Bireysel konularda ise iki oyuncu savunma yönünden çok benzerdi. İkisi de inanılmaz atletlerdi ve ribauntçuluk, blokçuluk özellikleri muhteşemdi. Chamberlain 22.9, Russell 22.5 ribaund ortalamalarıyla kariyerlerini tamamladılar. Ancak aralarındaki farkı yaratan durum, hücum becerileriydi. Wilt atlet olmasının yanında post hareketlerini muntazam bir şekilde yapıyor, orta mesafeden de sayı bulabiliyordu. Takımı ona hiçbir set çizemese dahi kendi kendine oyunda set çizip savunmayı yıldırabiliyordu, müthiş atletikliğinin yanında oyun zekasına da sahipti. Bill Russell ise hücumda pek fazla efektifliği olmayan bir oyuncuydu. Şutu hiç yoktu, post hareketleri de zayıftı. Takım arkadaşlarının ona hazırladığı pozisyonlarla müthiş atletizmini kullanıp smaçlar vururdu. Aslına bakarsanız hücuma çok da fazla ihtiyacı olmazdı, çünkü takım harika hücumcularla doluydu. Russell kariyerini 15, Wilt 31 sayı ortalamalarıyla bitirdiler. Yine de bu, kıyas açısından çok adil olmayacaktır keza Russell hücumda pek dominasyon yapmazken Wilt zorunluluktan maçlarda 60 şut deneyebiliyordu. Pas verdiği adamların büyük kısmı potayı göremediği için bunu yapmak zorundaydı, bencillikle alakası yoktu şut tercihlerinin. Ancak iki oyuncunun şut yüzdelerine bakmak, hücumları arasındaki farkı açıklamaya yetecektir. Russell kariyerini %44, Chamberlain ise %54 şut yüzdesiyle tamamladılar. Chamberlain hücum olarak Russell'dan daha üstün bir oyuncuydu.

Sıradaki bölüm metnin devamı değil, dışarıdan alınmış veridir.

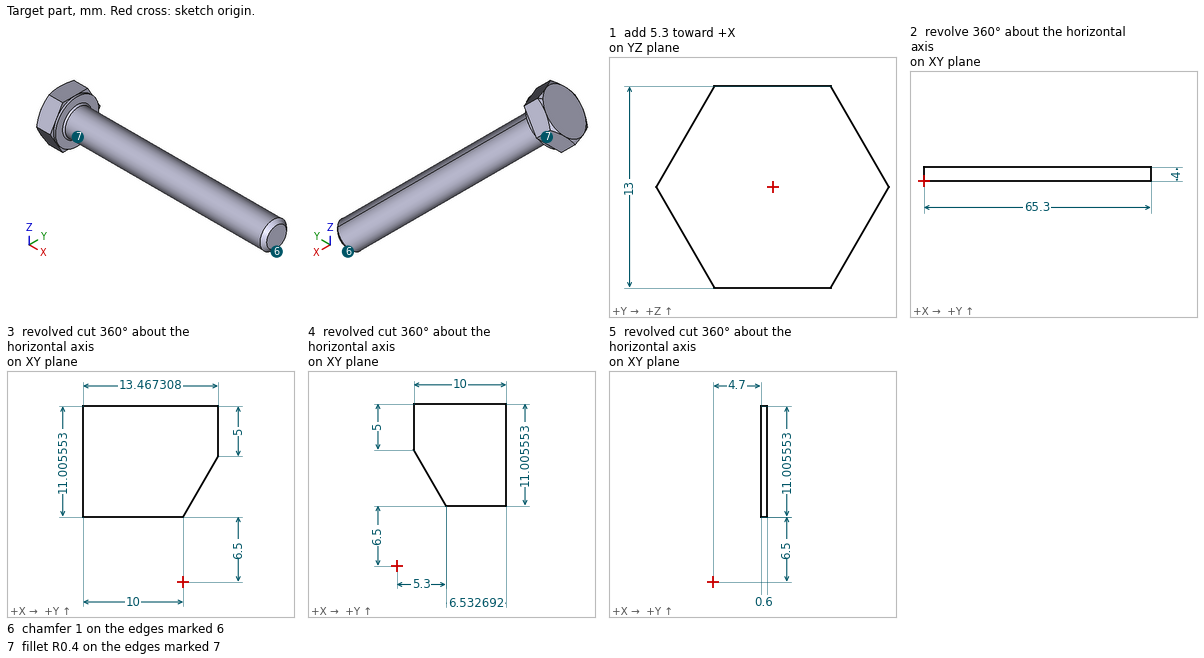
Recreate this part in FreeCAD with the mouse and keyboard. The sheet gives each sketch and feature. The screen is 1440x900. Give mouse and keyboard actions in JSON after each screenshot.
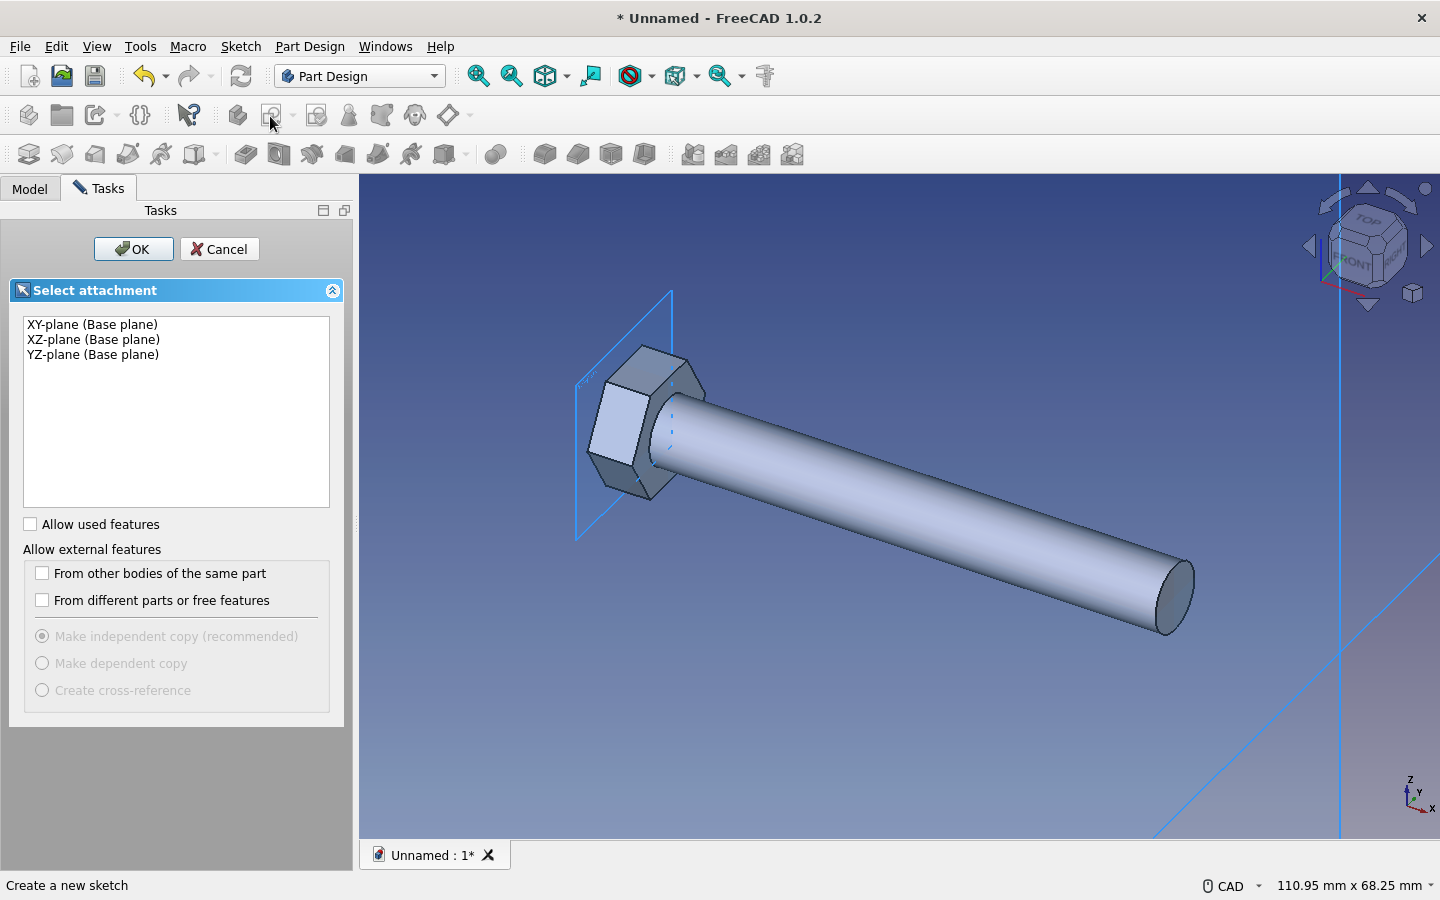
{"action": "left_click", "coordinate": [84, 324]}

Bu iki büyük adamın rekabeti, iki görüşün çarpışmasıdır her zamanki gibi. Bir taraf, kariyer başarıları daha fazla olan, daha fazla şampiyonluk yaşamış oyunculara değer verirken, diğer taraf bireysel başarılara önem verir. Bazıları ise ikisini ortalar, bu orta taraf genelde objektif olan taraftır. Orta tarafın bir üyesi olarak ben, her daim Wilt Chamberlain'in Bill Russell'dan üstün bir oyuncu olduğunu savunmuşumdur. İstatistikler, maçlar, başarılar ortada, değişenler veriler değil, insanların onlara olan bakış açıları sadece.

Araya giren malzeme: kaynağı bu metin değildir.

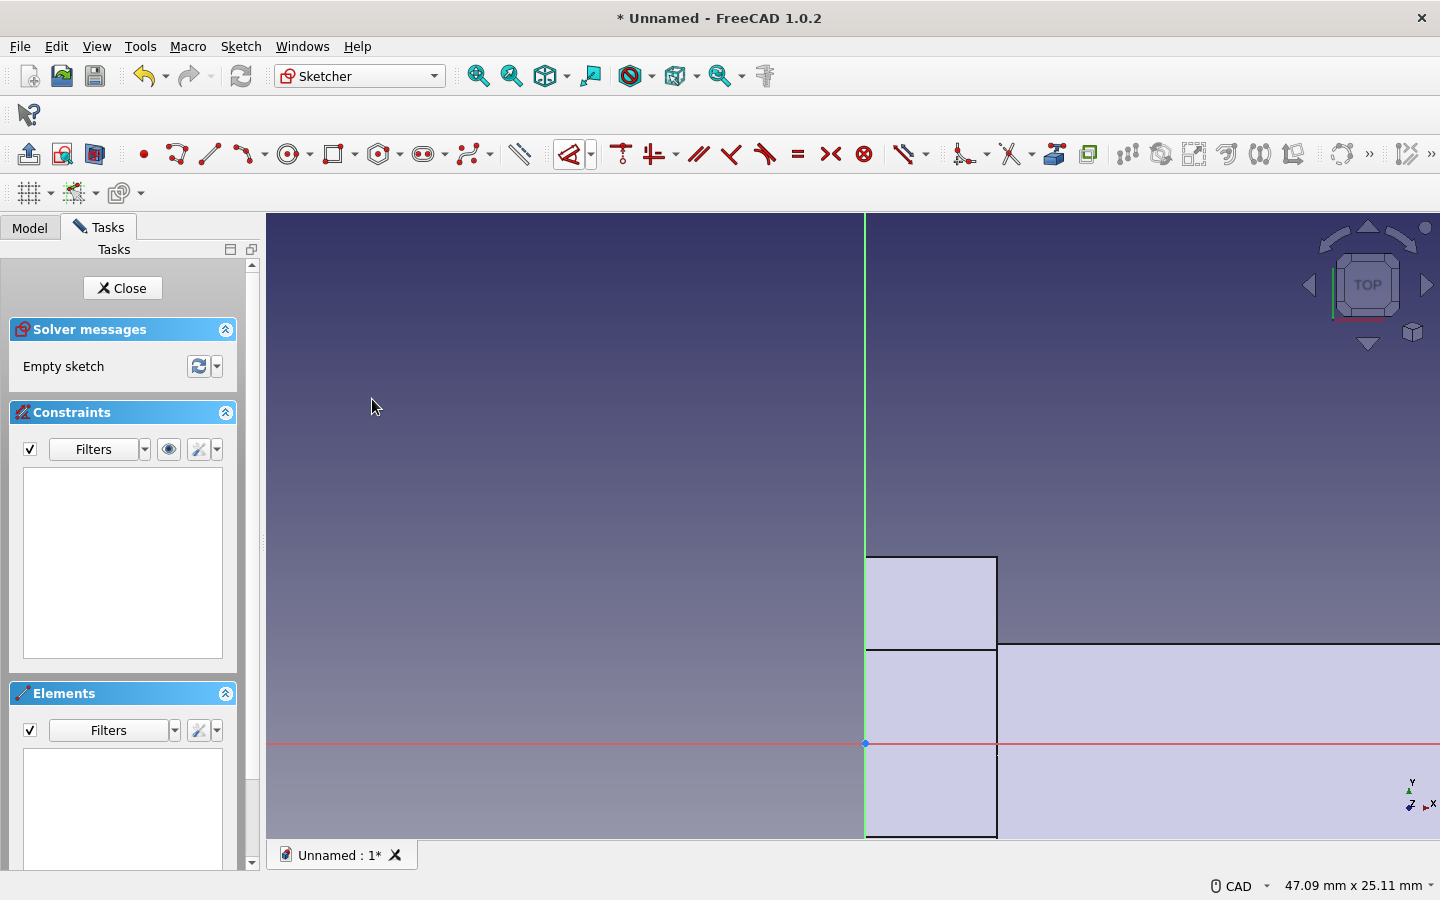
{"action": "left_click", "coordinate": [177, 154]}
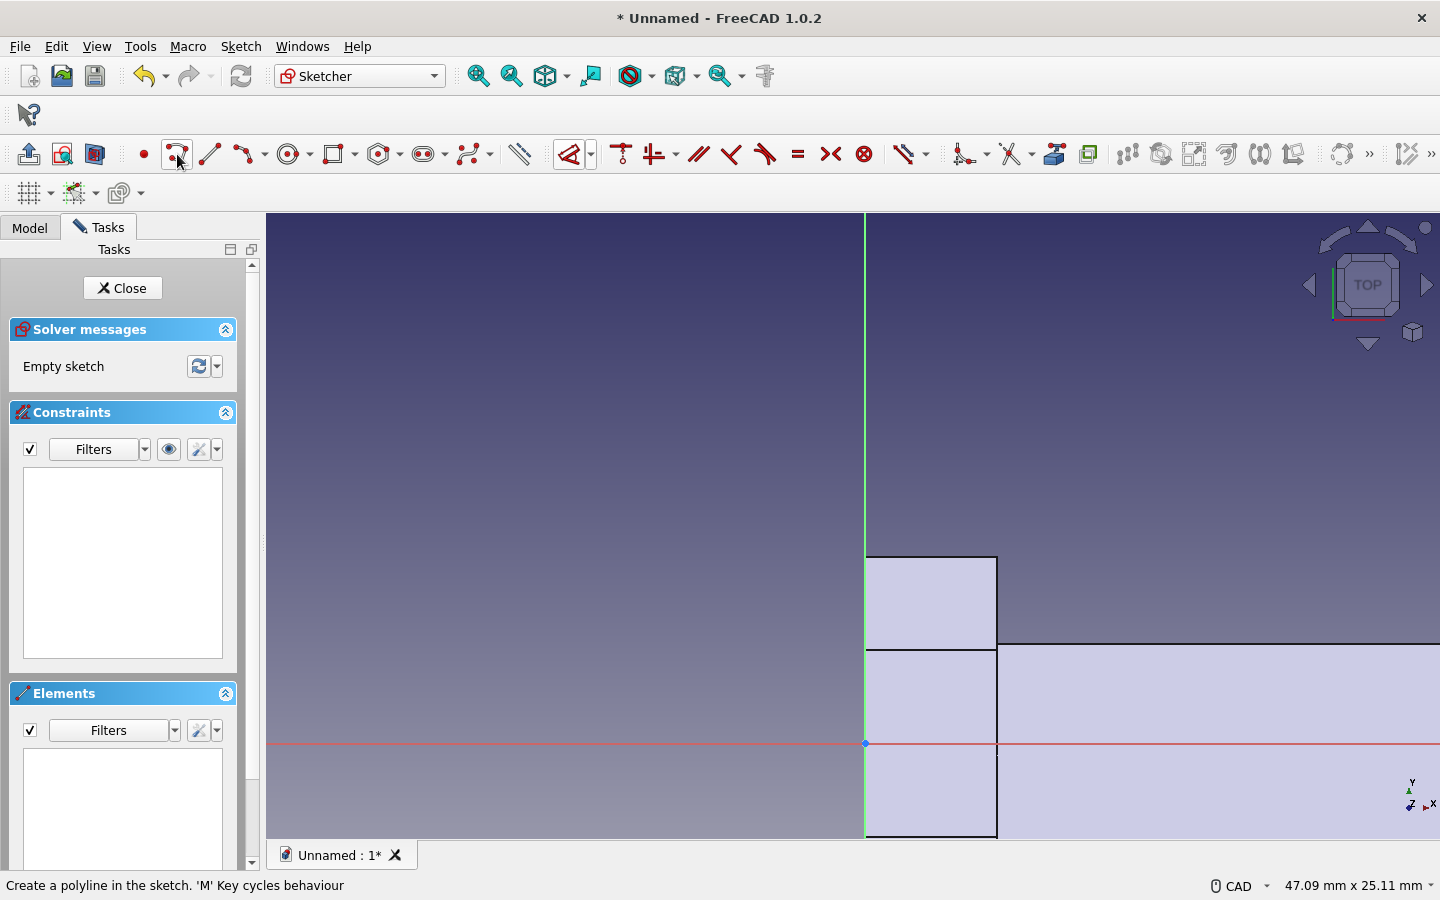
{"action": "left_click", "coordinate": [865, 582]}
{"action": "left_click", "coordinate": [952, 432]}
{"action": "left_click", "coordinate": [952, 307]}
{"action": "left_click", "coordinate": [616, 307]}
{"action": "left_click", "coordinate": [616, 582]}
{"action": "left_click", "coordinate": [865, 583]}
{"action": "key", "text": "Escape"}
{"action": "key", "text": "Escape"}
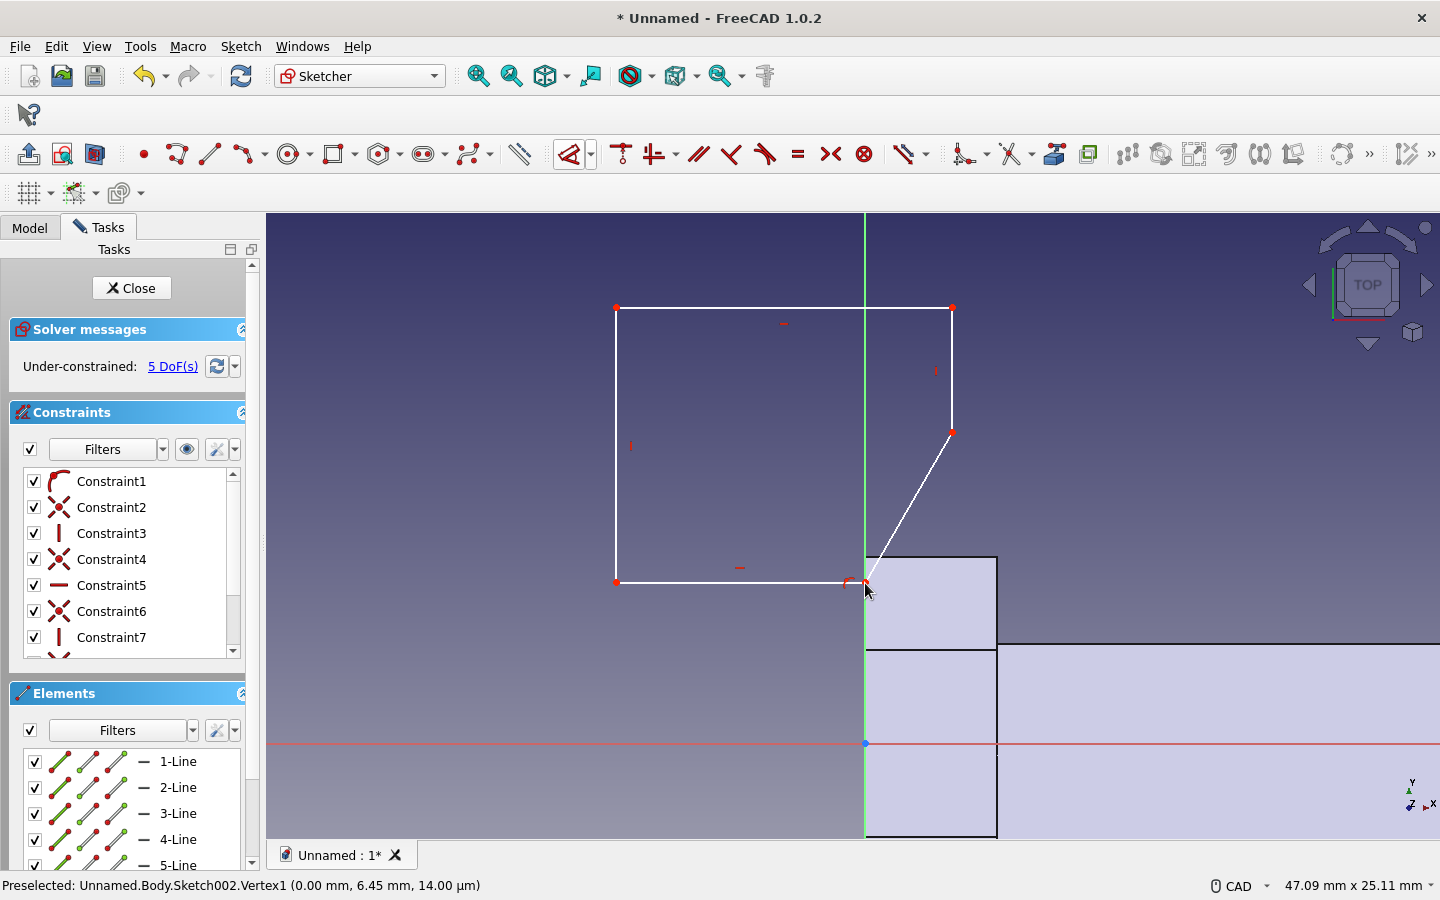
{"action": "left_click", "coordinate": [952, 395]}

Bu iki büyük adamın rekabeti, burada bana koca bir köşe yazısı yazdırırken, kısa bir süreliğine de olsa sizlerin de bu aleme dalmanızı sağladı. Spor, rekabetleriyle güzel, rekabetlerinin sohbetiyle güzel. Bill Russell şimdilerde 77 yaşında, Wilt Chamberlain'i ise maalesef 63 yaşında 1999 yılında kaybettik. Yapabileceğimiz tek şey, bu iki büyük adamın güzel rekabetini izlemek, hatırlamak, konuşmak ve anılarını yaşatmak. Her zaman rekabet içeren bir basketbol dileğiyle.